Synthesis and properties of a millable polyurethane elastomer with low halloysite nanotube content
Abstract
Nanocomposites comprised of millable polyurethane (MPU) and very low loadings of halloysite nanotubes (HNTs) have been prepared with high tensile strength and elongation at break, and cured using either toluene diisocyanate dimer or dicumyl peroxide as crosslinking agents to further enhance the mechanical performance of the nanocomposites and to reduce costs. A 1.17-fold increase in tensile strength and a 0.58-fold increase in elongation at break was achieved for synthetic linear polyurethane elastomer nanocomposites by incorporating only 1 wt% of HNTs, and these increases were primarily attributed to the formation of covalent bonds between the OH groups of HNTs and the NCO groups of 4,4′-diphenyl-methane diisocyanate (MDI).

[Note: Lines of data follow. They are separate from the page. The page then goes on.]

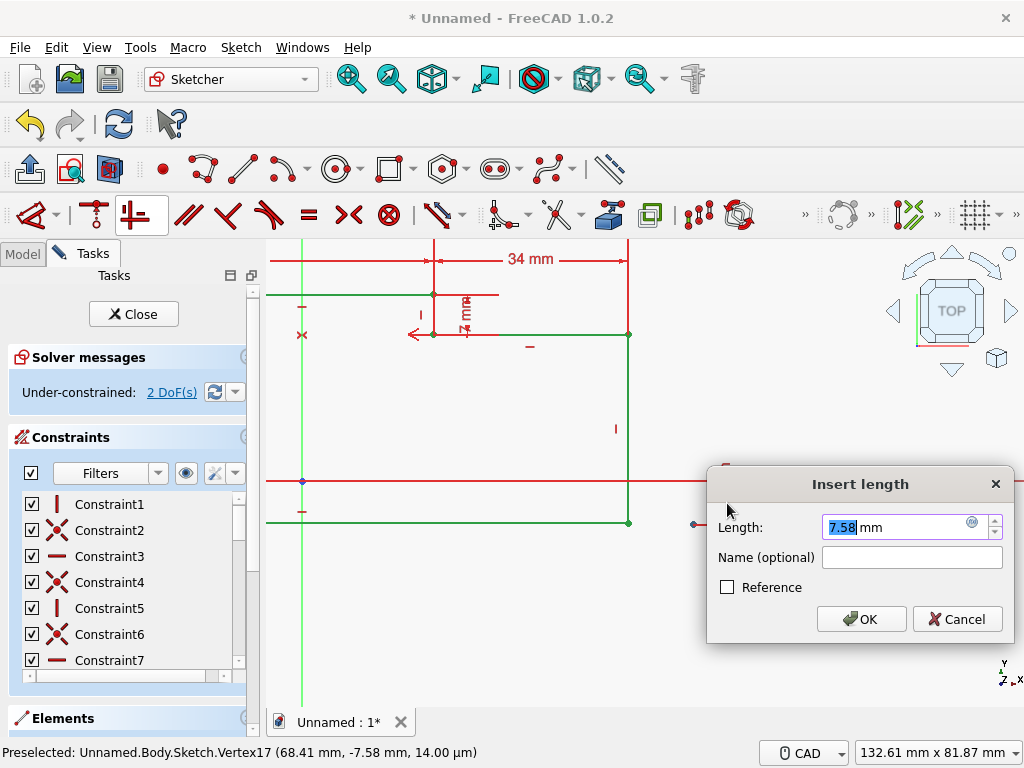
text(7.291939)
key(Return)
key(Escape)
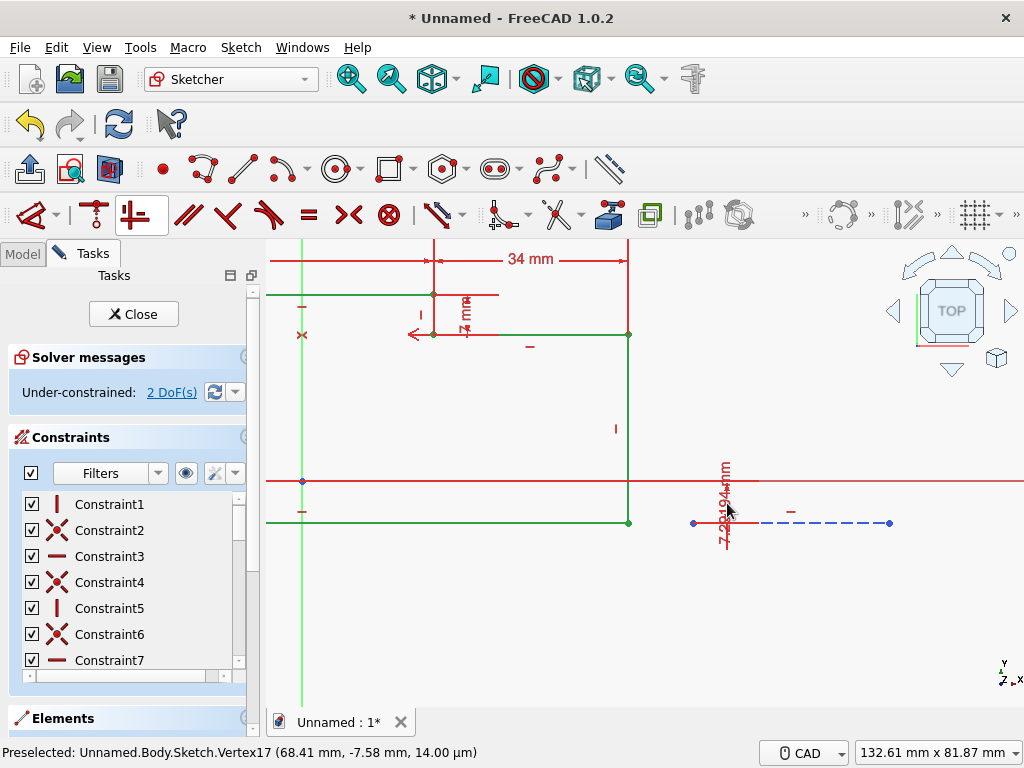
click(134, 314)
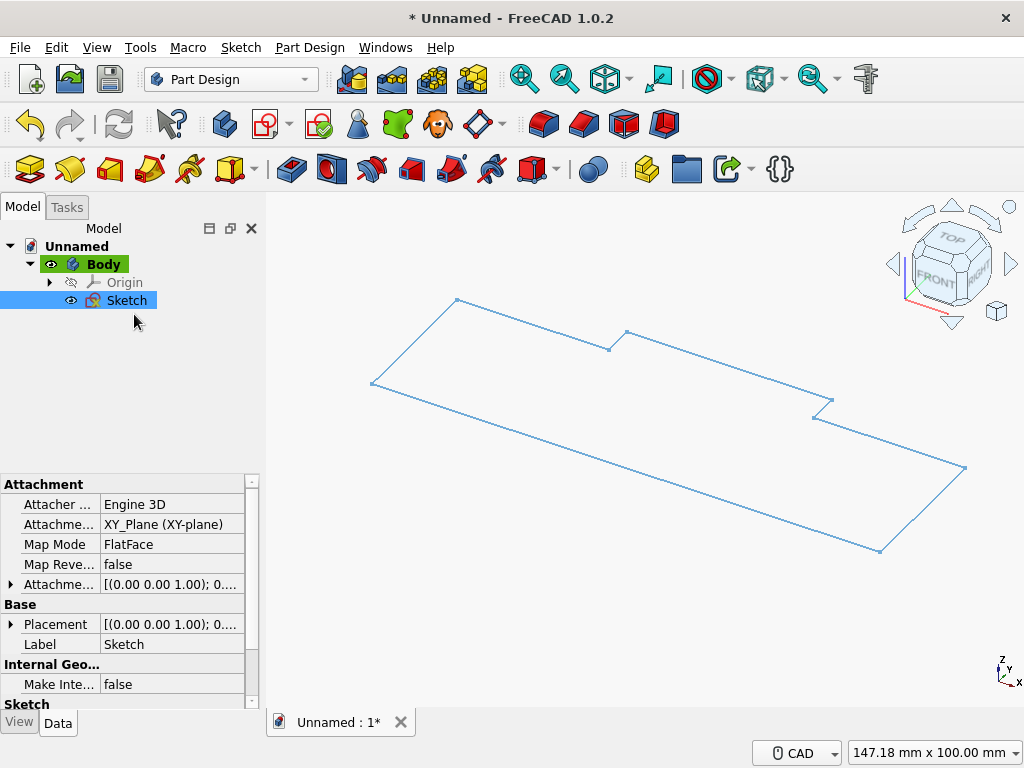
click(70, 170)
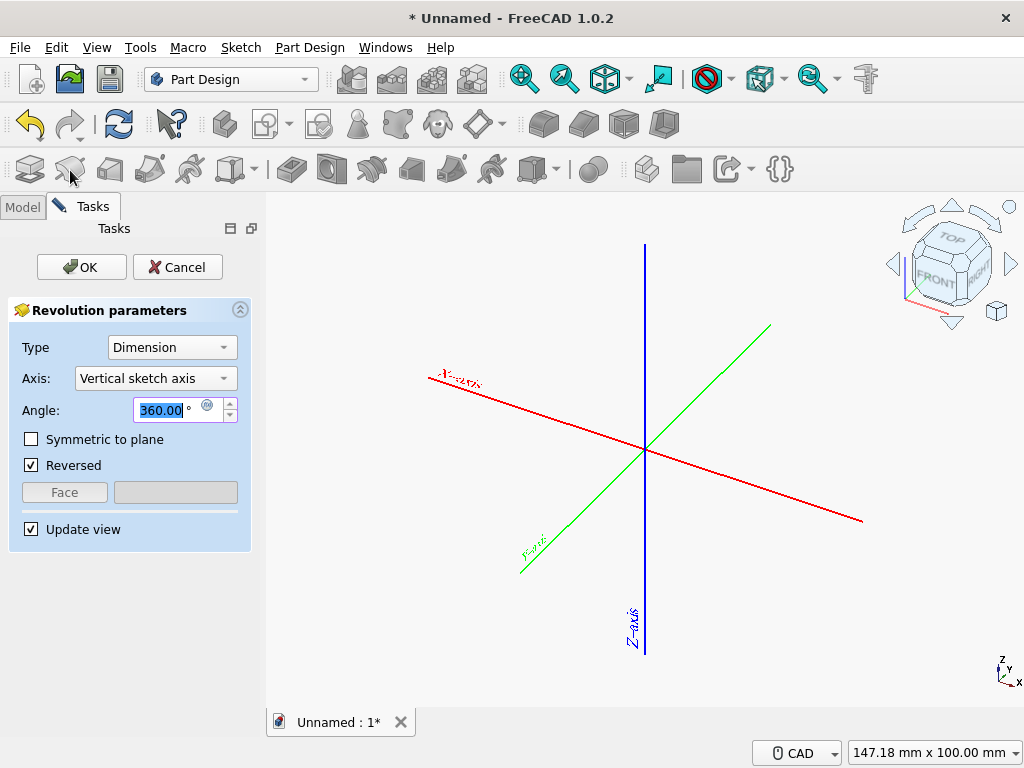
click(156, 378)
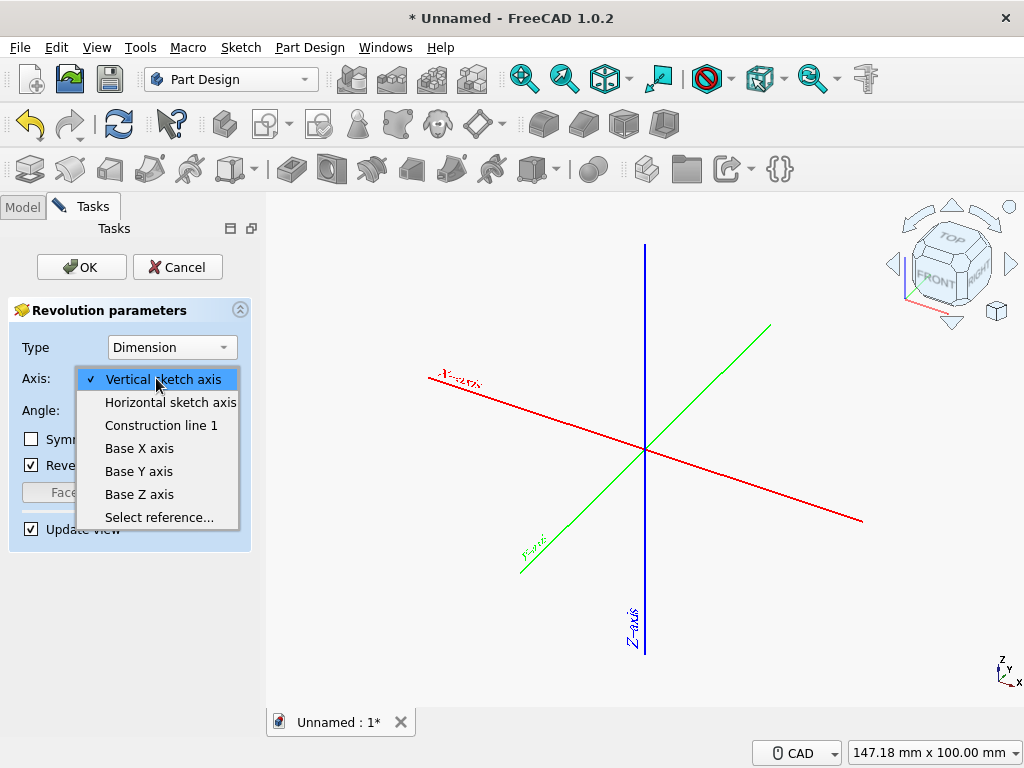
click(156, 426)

Remarkable improvements in Young's modulus were further obtained after curing using the crosslinking agents. The nanostructure of these nanocomposites consisted of individual HNTs covalently bonded and specifically associated with hard MPU microdomains, and therefore affected the degree of phase separation, as characterized by spectroscopy studies and direct microstructural analysis. Moreover, an unprecedented environmental solvent-free prepolymer method has been proposed to compound the MPU/HNTs nanocomposites.